Projective geometry problems

[Mondo]

Hello,

for the figure below I try to justify the reflection mapping. They say that $e_1 -> T(e_1)$ is described by a mapping $$\begin{bmatrix} cos(2\theta)\\ sin(2\theta) \end{bmatrix}$$. I can get to the same result by drawing a parpendicular from $T(e_1)$ to the X axis and then write simple trigonometry formula for cosine $$\frac{x}{r} = cos(2\theta) -> x = rcos(2\theta)$$ where 'r' is the length of the vector (here r = 1 since $e_1$ is a basis vector). Similarly for the sine function I get the expected transformation. However I can't get the tranformation for $e_2$. Since the angle is obtuse I was thinking about first writing the transformation of e2 on the X axis and lateer from X to T(e2).
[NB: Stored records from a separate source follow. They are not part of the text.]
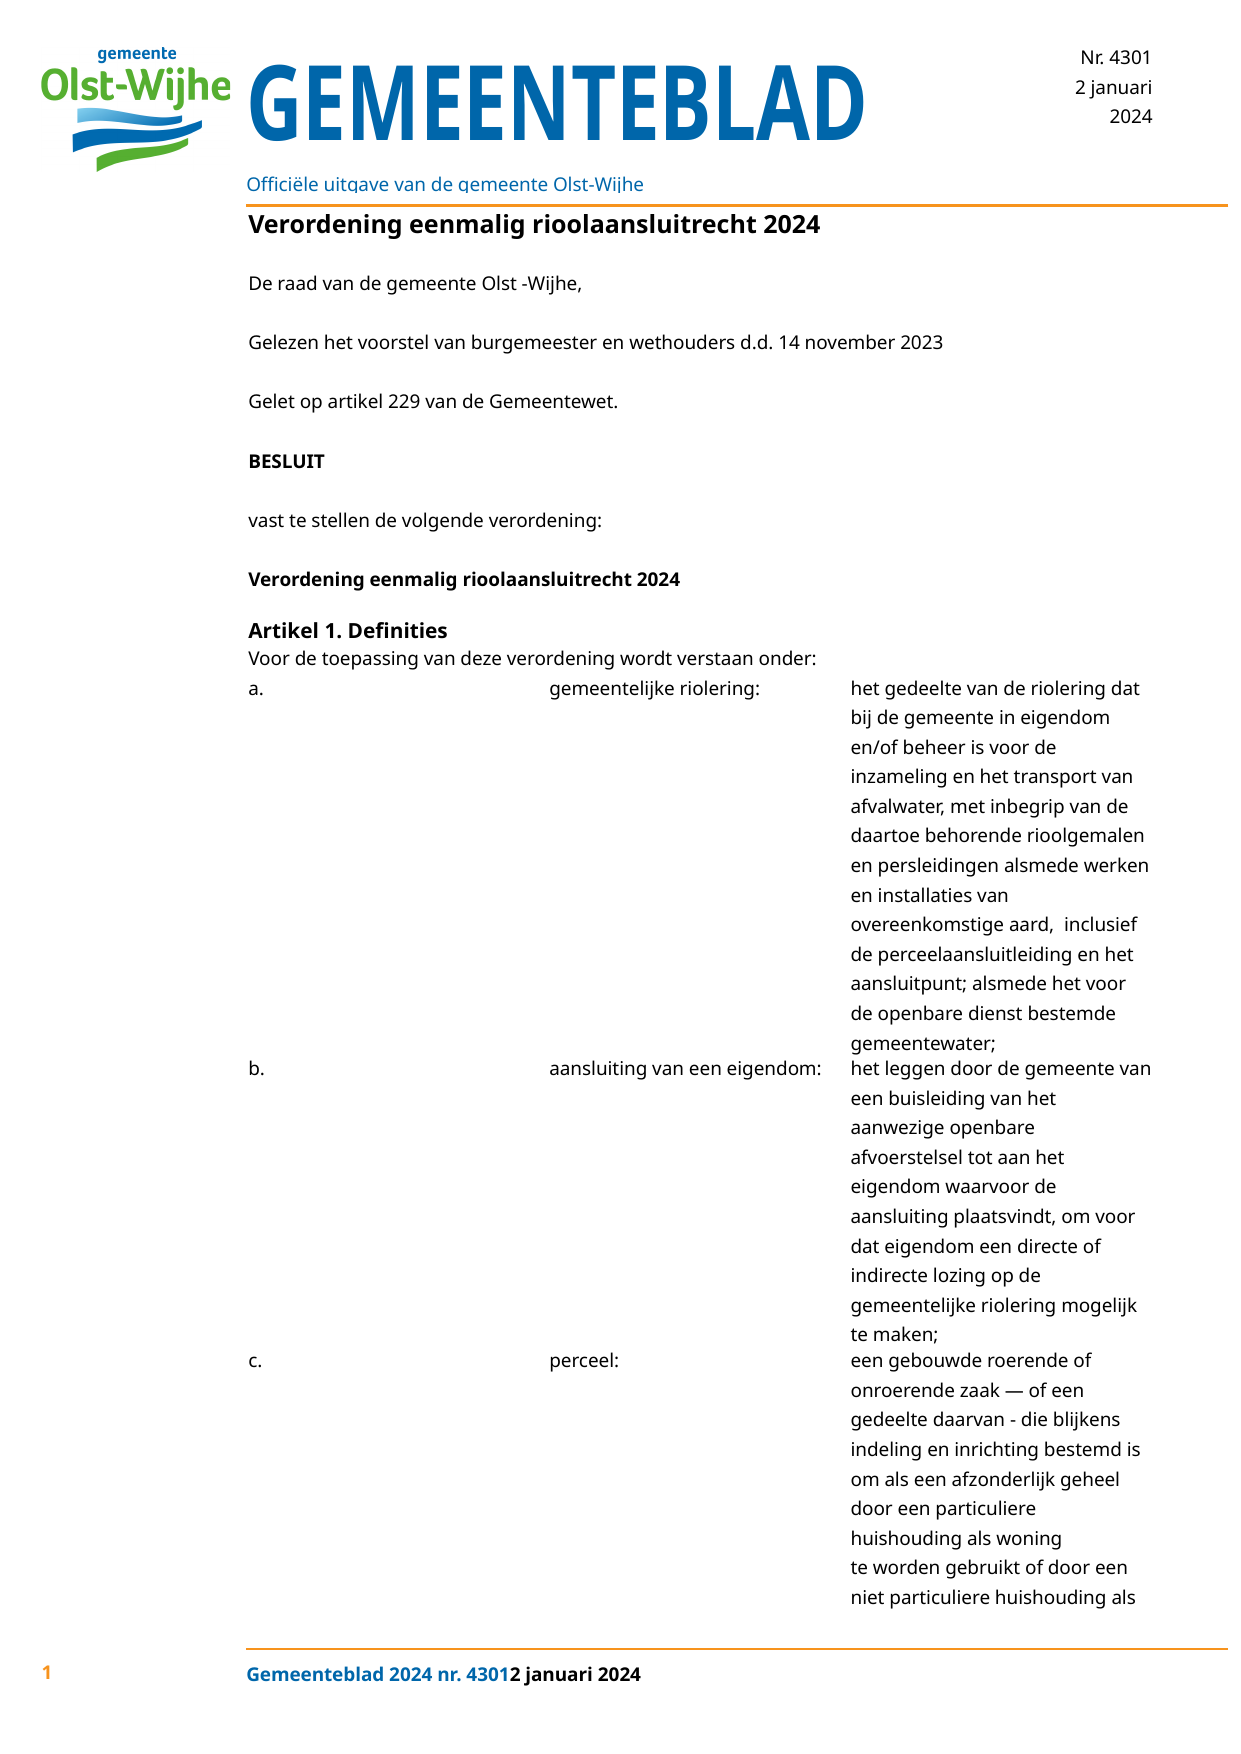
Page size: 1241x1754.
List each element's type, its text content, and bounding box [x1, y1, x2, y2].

table_cell perceel: [549, 1348, 850, 1610]
table_cell c. [248, 1348, 549, 1610]
picture [41, 47, 231, 172]
text Verordening eenmalig rioolaansluitrecht 2024 [248, 207, 1152, 241]
text Gelezen het voorstel van burgemeester en wethouders d.d. 14 november 2023 [248, 329, 1152, 355]
text Voor de toepassing van deze verordening wordt verstaan onder: [248, 645, 1152, 671]
table_header a. [248, 675, 549, 1055]
table_cell het leggen door de gemeente van een buisleiding van het aanwezige openbare afvoerstelsel tot aan het eigendom waarvoor de aansluiting plaatsvindt, om voor dat eigendom een directe of indirecte lozing op de gemeentelijke riolering mogelijk te maken; [850, 1055, 1152, 1347]
table_cell aansluiting van een eigendom: [549, 1055, 850, 1347]
table_header het gedeelte van de riolering dat bij de gemeente in eigendom en/of beheer is voor de inzameling en het transport van afvalwater, met inbegrip van de daartoe behorende rioolgemalen en persleidingen alsmede werken en installaties van overeenkomstige aard, inclusief de perceelaansluitleiding en het aansluitpunt; alsmede het voor de openbare dienst bestemde gemeentewater; [850, 675, 1152, 1055]
text Artikel 1. Definities [248, 617, 1152, 645]
text Verordening eenmalig rioolaansluitrecht 2024 [248, 566, 1152, 592]
text Gelet op artikel 229 van de Gemeentewet. [248, 389, 1152, 414]
table_header gemeentelijke riolering: [549, 675, 850, 1055]
text vast te stellen de volgende verordening: [248, 507, 1152, 533]
table_cell een gebouwde roerende of onroerende zaak — of een gedeelte daarvan - die blijkens indeling en inrichting bestemd is om als een afzonderlijk geheel door een particuliere huishouding als woning te worden gebruikt of door een niet particuliere huishouding als [850, 1348, 1152, 1610]
table_cell b. [248, 1055, 549, 1347]
text BESLUIT [248, 448, 1152, 473]
text De raad van de gemeente Olst -Wijhe, [248, 270, 1152, 296]

But since we don't know the angles I have no idea how to do this.



Thanks!

 

[LCKurtz]

I will help you with the second part. Consider the following figure:

A is the reflection of B in the line OP and you need its coordinates (x,y). Notice that angle OBA and angle COP have perpendicular sides which is why the angle at B is $\theta$ and so is the angle at A. From triangle OBP you have the length of BP is $\cos\theta$ and so is the length of PA. So the length of BA is $2\cos\theta$ and from triangle ABR you have $x=2\cos\theta \sin\theta = \sin(2\theta)$. Can you see how to get y from the same triangle?

 

[Mondo]

Thanks for the answer LCKurtz.

Can you see how to get y from the same triangle?
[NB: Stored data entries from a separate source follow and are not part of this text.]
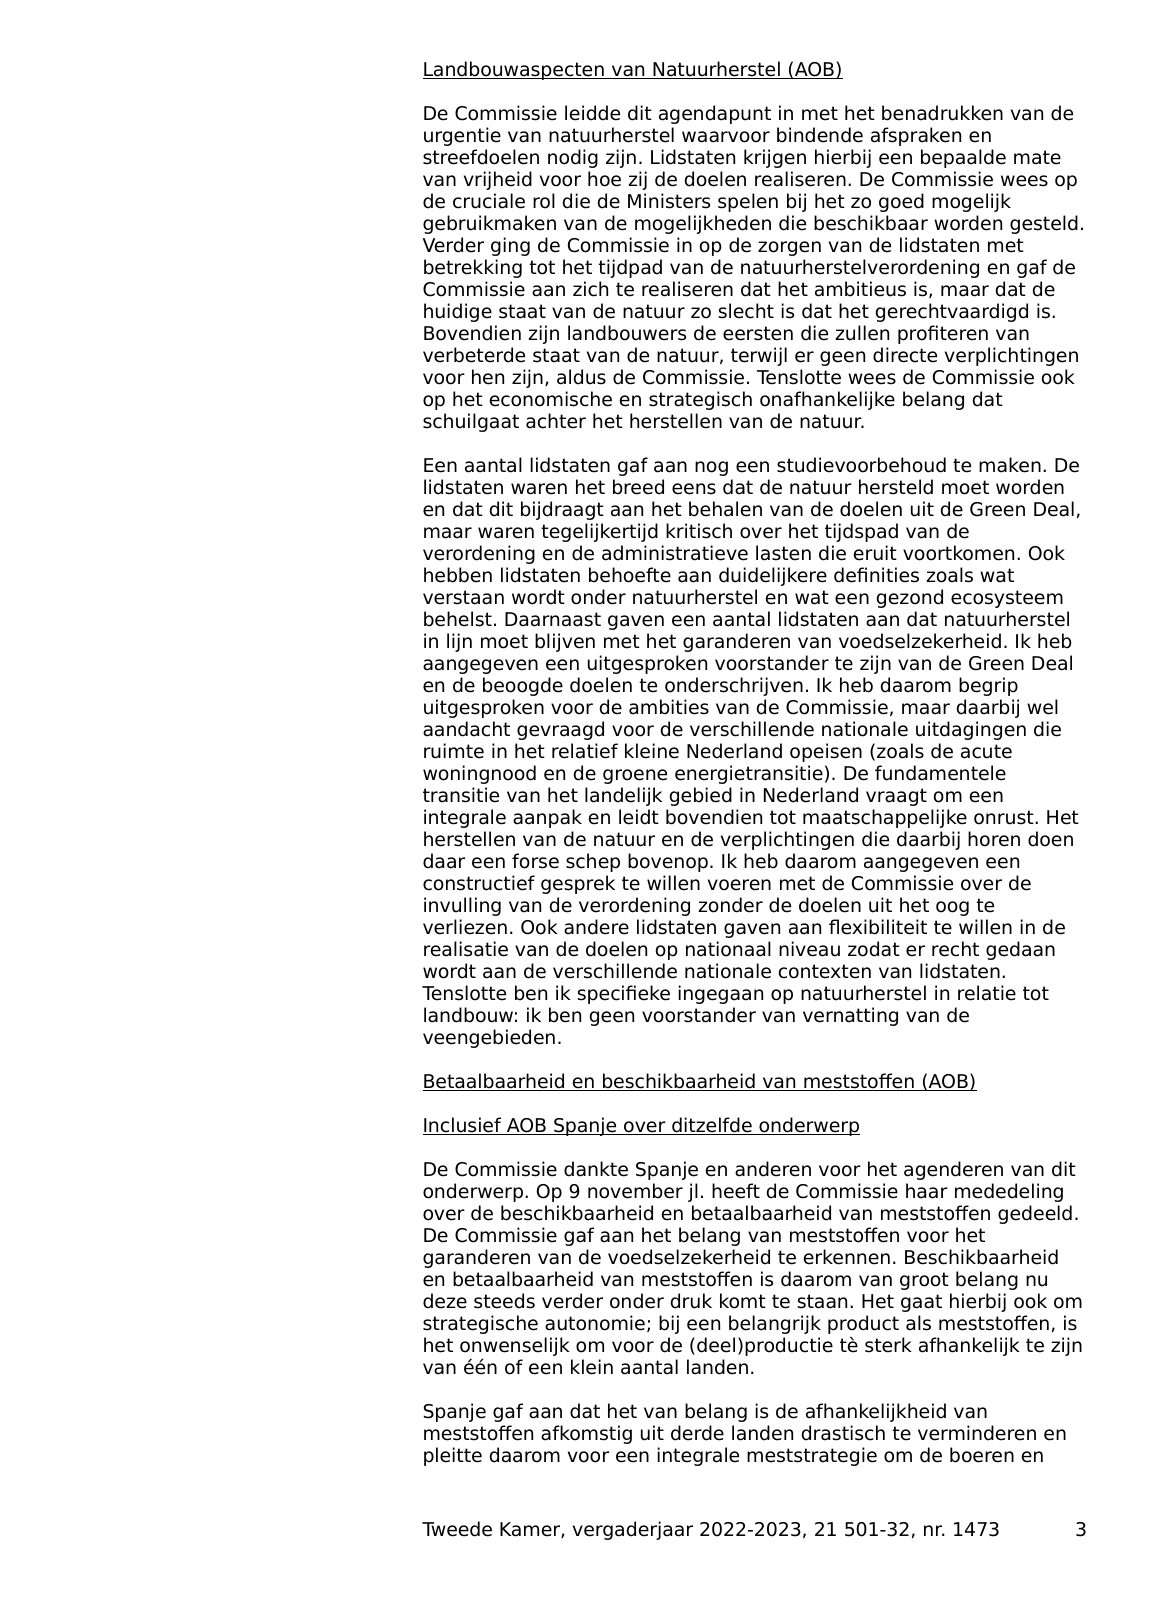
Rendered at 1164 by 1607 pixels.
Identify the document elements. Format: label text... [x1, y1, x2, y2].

text De Commissie leidde dit agendapunt in met het benadrukken van de urgentie van natuurherstel waarvoor bindende afspraken en streefdoelen nodig zijn. Lidstaten krijgen hierbij een bepaalde mate van vrijheid voor hoe zij de doelen realiseren. De Commissie wees op de cruciale rol die de Ministers spelen bij het zo goed mogelijk gebruikmaken van de mogelijkheden die beschikbaar worden gesteld. Verder ging de Commissie in op de zorgen van de lidstaten met betrekking tot het tijdpad van de natuurherstelverordening en gaf de Commissie aan zich te realiseren dat het ambitieus is, maar dat de huidige staat van de natuur zo slecht is dat het gerechtvaardigd is. Bovendien zijn landbouwers de eersten die zullen profiteren van verbeterde staat van de natuur, terwijl er geen directe verplichtingen voor hen zijn, aldus de Commissie. Tenslotte wees de Commissie ook op het economische en strategisch onafhankelijke belang dat schuilgaat achter het herstellen van de natuur. [422, 103, 1087, 433]
subtitle Inclusief AOB Spanje over ditzelfde onderwerp [422, 1115, 1087, 1137]
subtitle Landbouwaspecten van Natuurherstel (AOB) [422, 59, 1087, 81]
text Een aantal lidstaten gaf aan nog een studievoorbehoud te maken. De lidstaten waren het breed eens dat de natuur hersteld moet worden en dat dit bijdraagt aan het behalen van de doelen uit de Green Deal, maar waren tegelijkertijd kritisch over het tijdspad van de verordening en de administratieve lasten die eruit voortkomen. Ook hebben lidstaten behoefte aan duidelijkere definities zoals wat verstaan wordt onder natuurherstel en wat een gezond ecosysteem behelst. Daarnaast gaven een aantal lidstaten aan dat natuurherstel in lijn moet blijven met het garanderen van voedselzekerheid. Ik heb aangegeven een uitgesproken voorstander te zijn van de Green Deal en de beoogde doelen te onderschrijven. Ik heb daarom begrip uitgesproken voor de ambities van de Commissie, maar daarbij wel aandacht gevraagd voor de verschillende nationale uitdagingen die ruimte in het relatief kleine Nederland opeisen (zoals de acute woningnood en de groene energietransitie). De fundamentele transitie van het landelijk gebied in Nederland vraagt om een integrale aanpak en leidt bovendien tot maatschappelijke onrust. Het herstellen van de natuur en de verplichtingen die daarbij horen doen daar een forse schep bovenop. Ik heb daarom aangegeven een constructief gesprek te willen voeren met de Commissie over de invulling van de verordening zonder de doelen uit het oog te verliezen. Ook andere lidstaten gaven aan flexibiliteit te willen in de realisatie van de doelen op nationaal niveau zodat er recht gedaan wordt aan de verschillende nationale contexten van lidstaten. Tenslotte ben ik specifieke ingegaan op natuurherstel in relatie tot landbouw: ik ben geen voorstander van vernatting van de veengebieden. [422, 455, 1087, 1048]
text Spanje gaf aan dat het van belang is de afhankelijkheid van meststoffen afkomstig uit derde landen drastisch te verminderen en pleitte daarom voor een integrale meststrategie om de boeren en [422, 1401, 1087, 1467]
text De Commissie dankte Spanje en anderen voor het agenderen van dit onderwerp. Op 9 november jl. heeft de Commissie haar mededeling over de beschikbaarheid en betaalbaarheid van meststoffen gedeeld. De Commissie gaf aan het belang van meststoffen voor het garanderen van de voedselzekerheid te erkennen. Beschikbaarheid en betaalbaarheid van meststoffen is daarom van groot belang nu deze steeds verder onder druk komt te staan. Het gaat hierbij ook om strategische autonomie; bij een belangrijk product als meststoffen, is het onwenselijk om voor de (deel)productie tè sterk afhankelijk te zijn van één of een klein aantal landen. [422, 1159, 1087, 1379]
subtitle Betaalbaarheid en beschikbaarheid van meststoffen (AOB) [422, 1071, 1087, 1093]

Yes in fact I have already solved that but in a different way than you do. I can follow the reasoning of your solution but have one questions - how are you sure that the angle at P is a right angle?

 

[pka]

I have one questions - how are you sure that the angle at P is a right angle?

If you know that $A$ is the reflection of $B$ through $P$ then $\angle OPB$ is a right angle.

A is the reflection of B in the line OP and you need its coordinates (x,y)

 

[Mondo]

Yep, that's is obvious... thanks